Believe it or not, Jacobs challenges, Yeshiva University offers one of the cheapest dining plans relative to every other university in the United States. At Columbia University – where the meal options are comparable to those offered at YU – dining plan prices range per semester from $1975 to $2295, with an additional 10% tacked on for those participating in the kosher meal plan. Columbia also provides a flex dollar account for students to use at either off-campus or on-campus establishments, but does not allow any of the money in this account to come from the prepaid plan, so that the students must add any additional funds separately. At both Tulane University – where the per-semester meal plan as of last year was $2375 – and Pace University – where students paid between $1795 to $1995 per semester during the 2011-2012 year – only $25 from the prepaid funds is designated for use off campus.

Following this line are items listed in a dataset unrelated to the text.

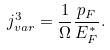<formula> <loc_0><loc_0><loc_500><loc_500>j ^ { 3 } _ { v a r } = \frac { 1 } { \Omega } \frac { p _ { F } } { E _ { F } ^ { * } } .</formula> 
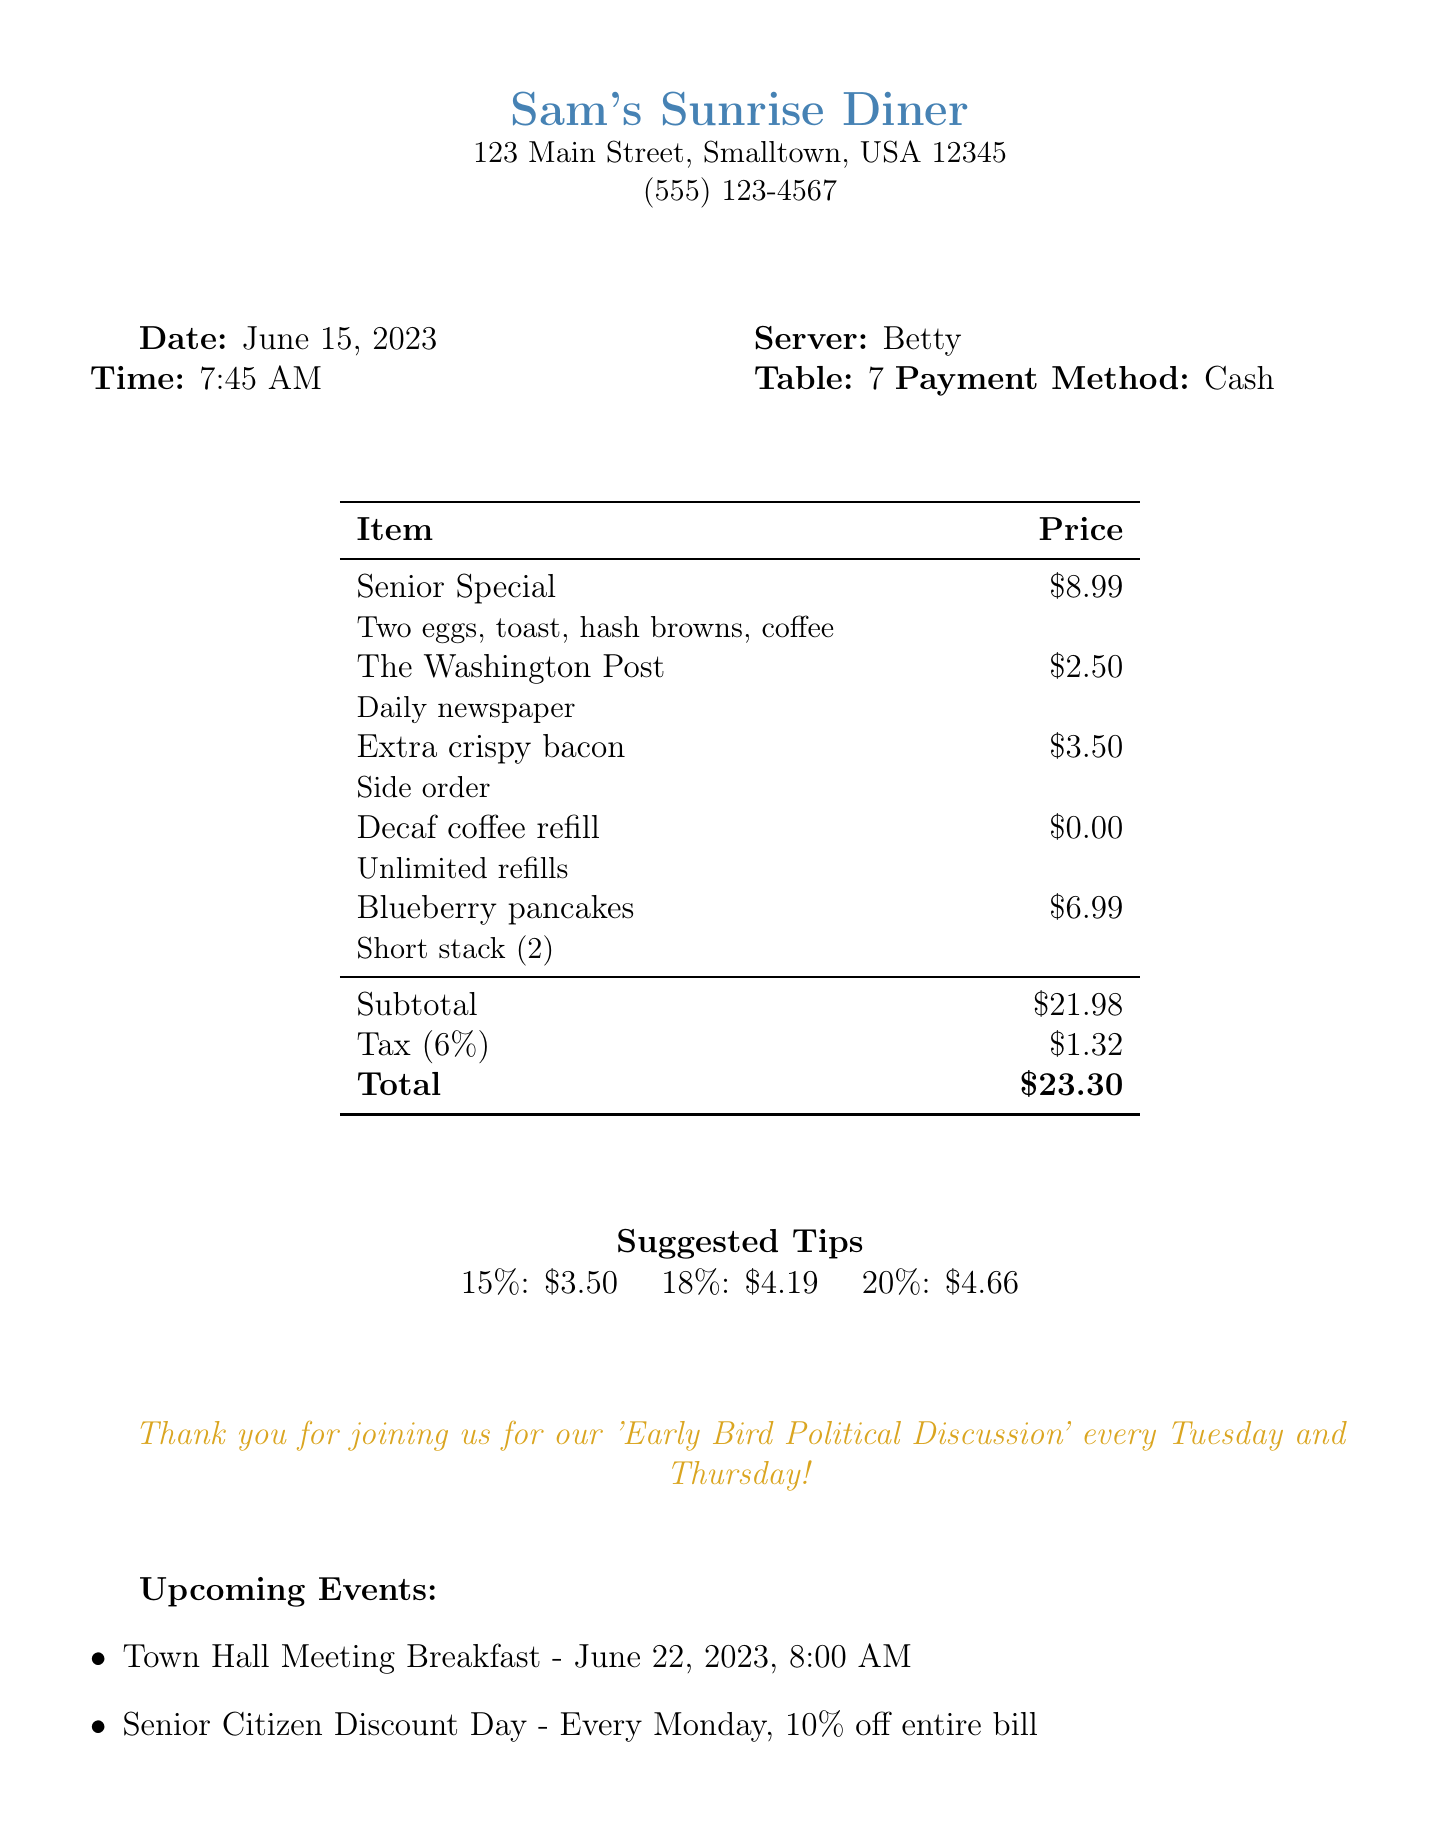What is the name of the diner? The name of the diner is prominently displayed at the top of the document.
Answer: Sam's Sunrise Diner What was the date of the meal? The date is specified in the header section of the document.
Answer: June 15, 2023 Who was the server for this meal? The server's name is listed in the details of the invoice.
Answer: Betty What is the total amount due? The total amount is clearly stated at the bottom of the invoice.
Answer: $23.30 What is the percentage for the suggested tip that amounts to $4.19? The document lists suggested tip percentages along with their respective amounts.
Answer: 18% How much did the extra crispy bacon cost? The price for the extra crispy bacon is included with the item description.
Answer: $3.50 What is the tax rate applied to the bill? The tax rate is specified in the bill details section.
Answer: 6% What special event is mentioned for June 22, 2023? The upcoming event is outlined in the section dedicated to future gatherings.
Answer: Town Hall Meeting Breakfast What is the discount for Senior Citizen Discount Day? The discount offered on this day is mentioned directly in the document.
Answer: 10% off entire bill What payment method was used for this transaction? The payment method is noted in the details section of the invoice.
Answer: Cash

It would not be “feasible,” according to Jacobs, for YU to allocate more than the relatively generous $50 per semester for off-campus establishments without charging a premium. To do that, Jacobs asserts, the university would have to lay off food service employees and even cut into the budget of other services. The $3000 a year that each student on the meal plan pays supports not only food preparation and purchase, but the salaries and benefit of food service employees, equipment maintenance, kosher supervision, and extended hours of operation. Designating more of the prepaid funds as flex dollars, as Jacob explains, would mean cutbacks– anything from curtailment of hours to serving fewer meals on weekends

One accounting major at Syms who wished to remain anonymous questioned the new Premium Plan, insisting that a “cost-benefit analysis” of the initiative did not seem to yield any particular advantage for students.  For many, the email was confusing, and Jacobs admits that the message “wasn’t communicated as well as it should have been” and that he’s been flooded with phone calls “off the hook” to clarify the options. YC junior Ari Shachter jokes that “only people in Rav Schachter’s shiur would be able to understand the email straight off the bat,” adding that he doubts “too many people will be willing to tie up 150 dollars in order to gain the option of transferring 50 more dollars from one kitchen to another.”

While students have questioned the advantage of prepaying when they could pay out of pocket as they go along, Jacobs notes that dollars on the caf card are tax-free, maintaining also that students are paying for convenience. Rather than carrying cash or using a credit card – making it harder for students to monitor what they’re spending and often resulting in over-spending – students will be able to rely on the caf card and keep a record of their funds. One obvious advantage of the plan, it seems, lies with the participating restaurants. “Their business has skyrocketed,” Jacobs notes, contending that “if the kosher [food] business is successful, all it is good for the Jewish community.”

The Jewish community at large might benefit then, but it remains to be seen how many of the smaller YU student body believes they will do the same by opting for the Premium Plan. The initiative seems to be rather generous when compared with programs offered by other universities and both Jacobs and the YU administration is optimistic that many students will hop on the bandwagon.